[Stored items from a collection]
=== Section Start ===

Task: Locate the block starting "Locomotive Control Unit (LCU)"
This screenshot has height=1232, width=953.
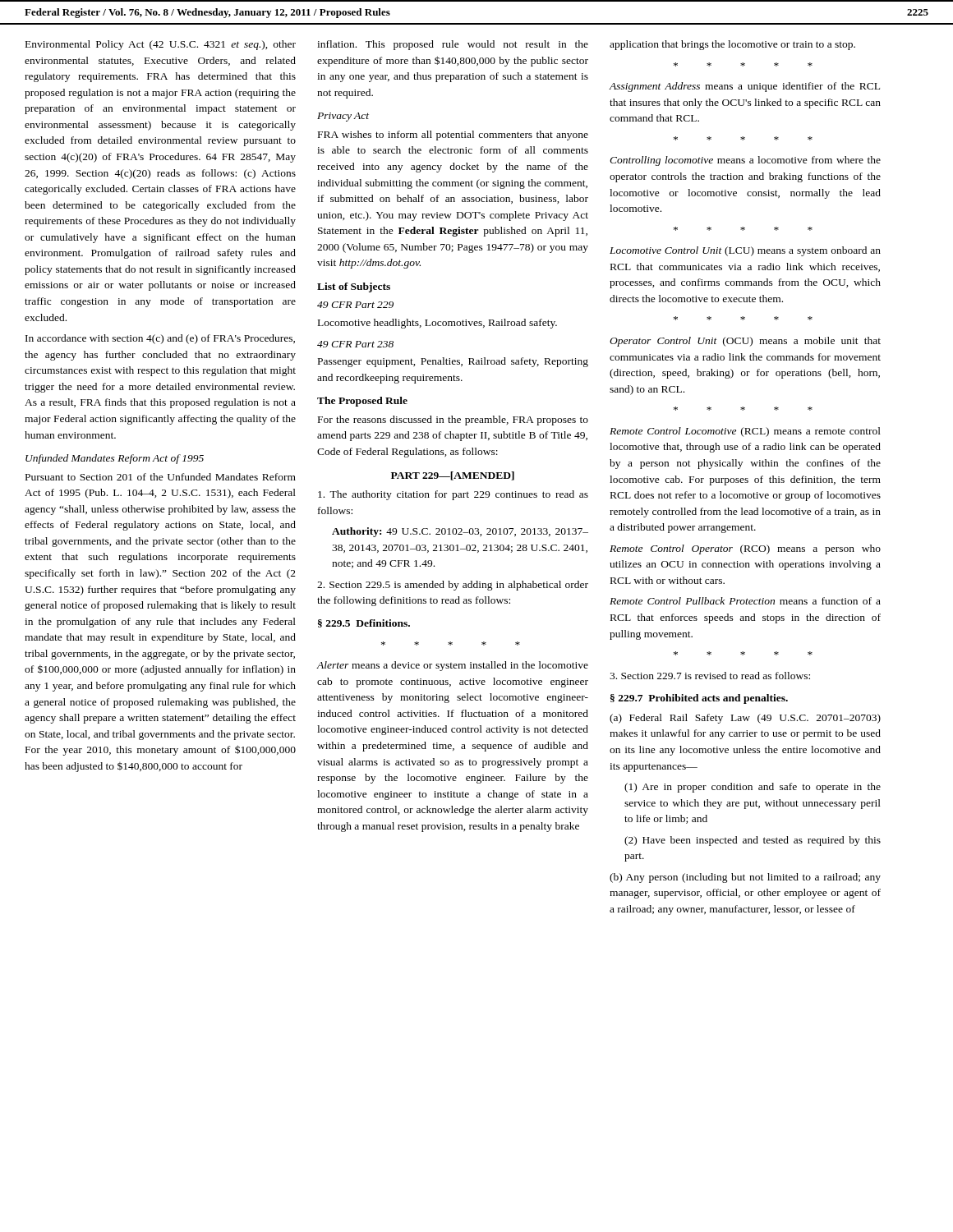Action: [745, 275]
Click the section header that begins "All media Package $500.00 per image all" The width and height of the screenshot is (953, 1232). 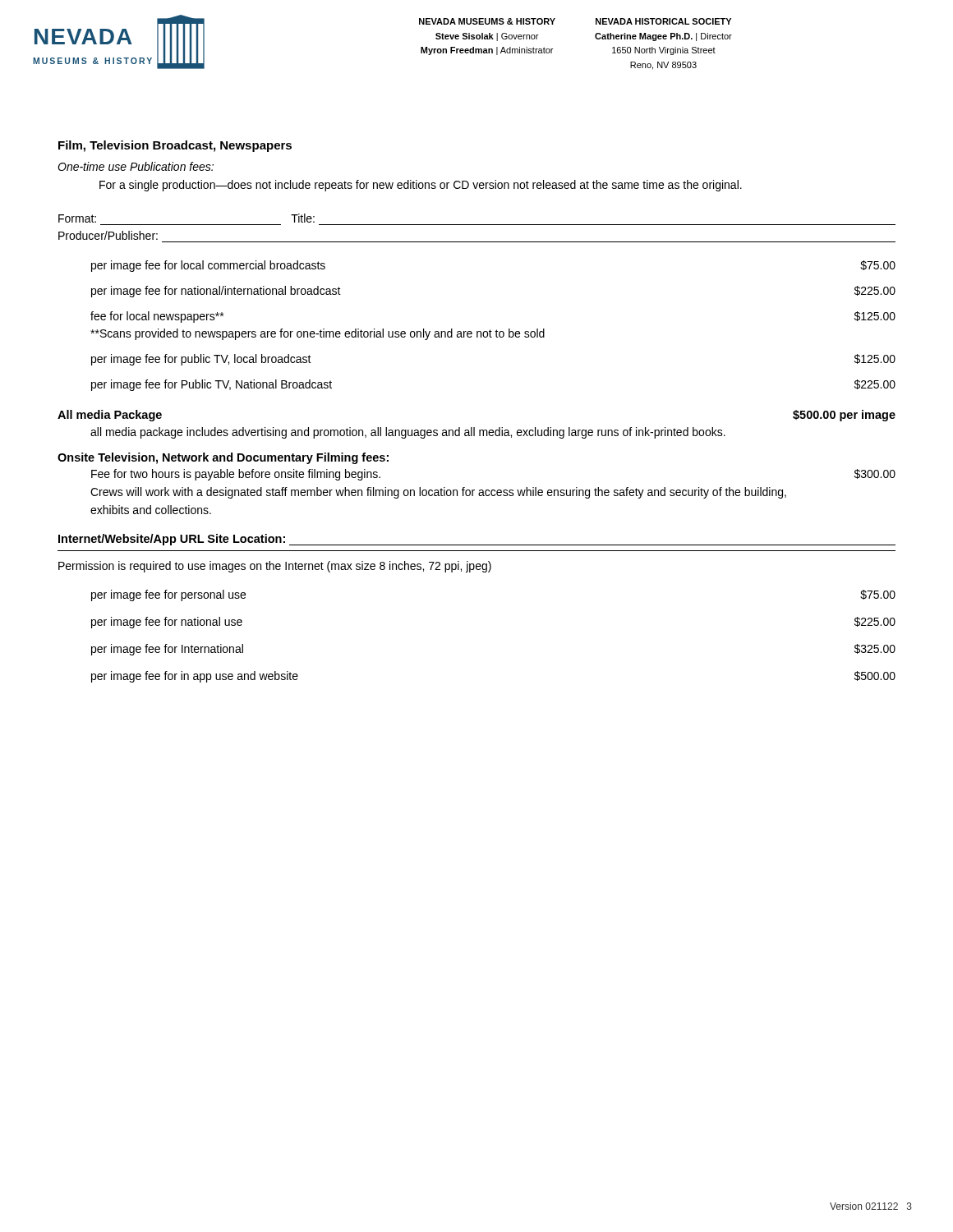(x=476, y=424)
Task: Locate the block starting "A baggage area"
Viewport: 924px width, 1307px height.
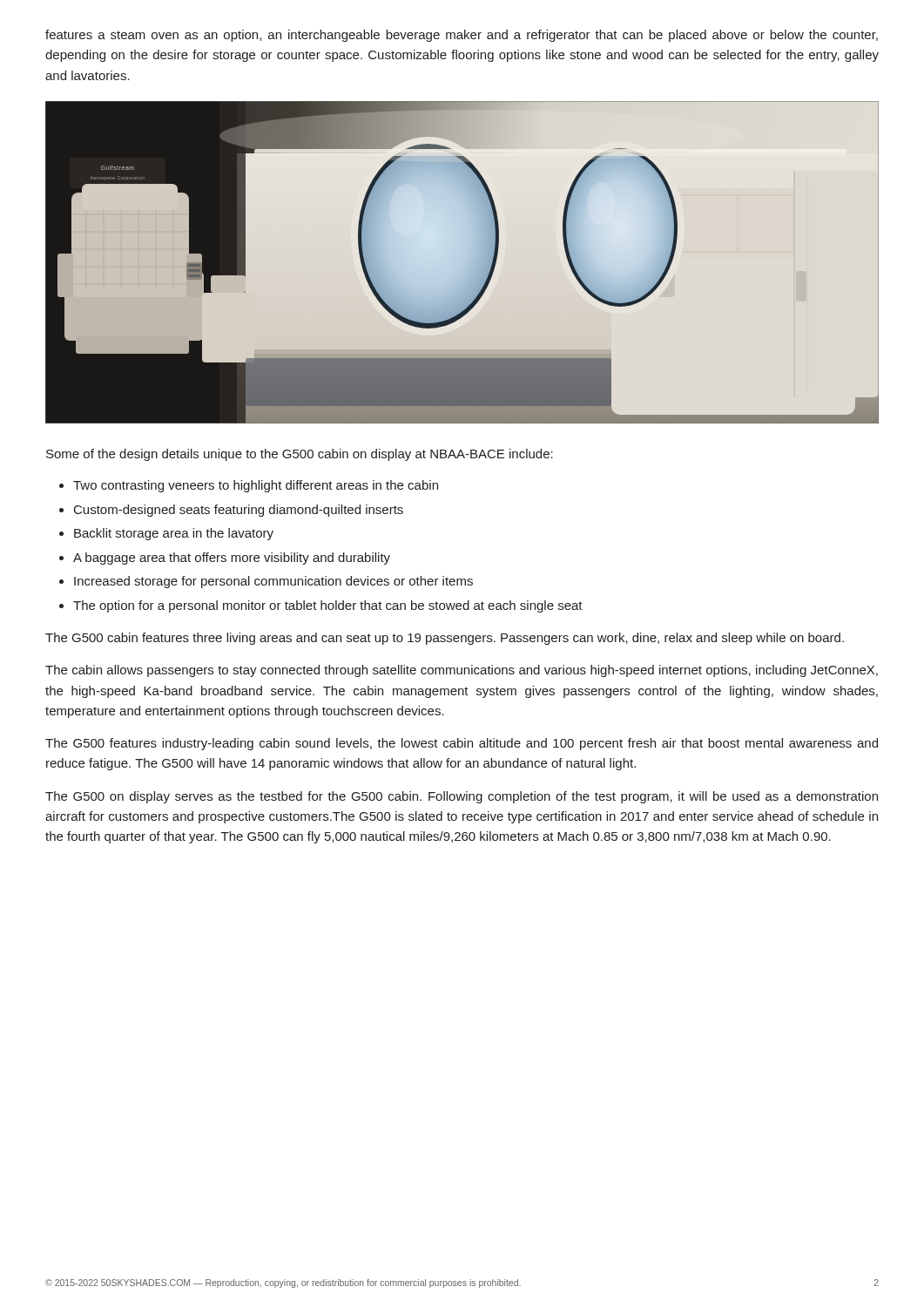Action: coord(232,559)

=== Section End ===

ACTION ITEM:
In the records above, how many lines contain the word "block"? Give the number alone.

ANSWER TO THE PROBLEM:
2